Where a line holds the word "pitch", copy it from the records.

Collection entries
● ● ● ● ● ● ●
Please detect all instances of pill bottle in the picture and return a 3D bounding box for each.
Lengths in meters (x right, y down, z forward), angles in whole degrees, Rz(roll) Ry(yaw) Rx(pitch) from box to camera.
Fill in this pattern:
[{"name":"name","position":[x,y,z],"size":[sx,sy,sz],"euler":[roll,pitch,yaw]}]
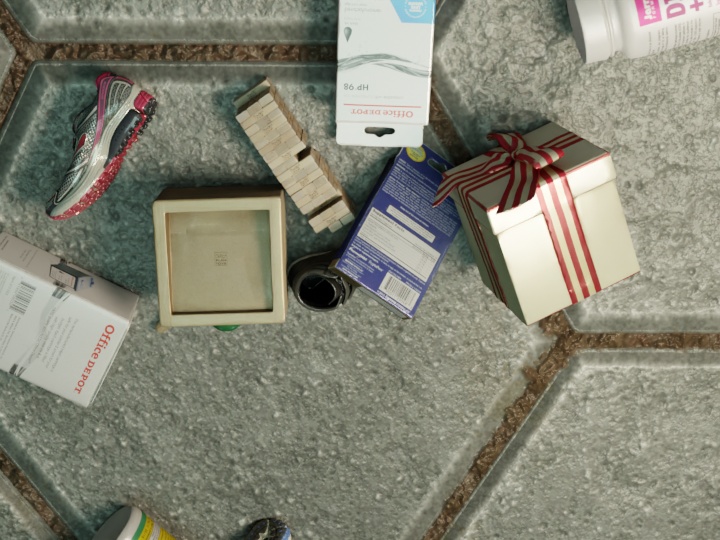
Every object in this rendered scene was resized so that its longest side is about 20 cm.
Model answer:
[{"name":"pill bottle","position":[0.345,-0.312,1.363],"size":[0.198,0.114,0.114],"euler":[-15,113,6]},{"name":"pill bottle","position":[-0.287,0.437,1.678],"size":[0.113,0.113,0.200],"euler":[-41,108,15]}]

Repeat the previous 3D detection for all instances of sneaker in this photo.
[{"name":"sneaker","position":[-0.155,0.454,1.666],"size":[0.200,0.077,0.086],"euler":[-48,131,-27]},{"name":"sneaker","position":[-0.329,-0.149,1.450],"size":[0.074,0.081,0.201],"euler":[35,101,0]},{"name":"sneaker","position":[0.000,0.000,1.501],"size":[0.198,0.099,0.071],"euler":[-19,111,6]}]

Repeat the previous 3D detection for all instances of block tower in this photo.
[{"name":"block tower","position":[-0.082,-0.138,1.464],"size":[0.054,0.058,0.201],"euler":[-31,109,11]}]

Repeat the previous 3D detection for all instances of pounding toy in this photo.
[{"name":"pounding toy","position":[-0.185,-0.003,1.494],"size":[0.182,0.142,0.202],"euler":[-2,103,-1]}]

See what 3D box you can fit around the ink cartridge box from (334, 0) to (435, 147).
[{"name":"ink cartridge box","position":[0.028,-0.239,1.408],"size":[0.115,0.067,0.202],"euler":[1,109,-2]}]

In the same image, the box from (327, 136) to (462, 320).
[{"name":"box","position":[0.058,-0.055,1.478],"size":[0.121,0.032,0.201],"euler":[34,74,-15]}]

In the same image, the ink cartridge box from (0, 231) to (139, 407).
[{"name":"ink cartridge box","position":[-0.410,0.064,1.530],"size":[0.199,0.086,0.147],"euler":[26,111,-13]}]

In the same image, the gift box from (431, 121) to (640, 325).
[{"name":"gift box","position":[0.203,-0.062,1.415],"size":[0.199,0.185,0.188],"euler":[-26,114,-11]}]
● ● ● ● ● ● ●
* **TASK ANSWER**
Lengths in meters (x right, y down, z forward), angles in whole degrees, Rz(roll) Ry(yaw) Rx(pitch) from box to camera.
[{"name":"name","position":[x,y,z],"size":[sx,sy,sz],"euler":[roll,pitch,yaw]}]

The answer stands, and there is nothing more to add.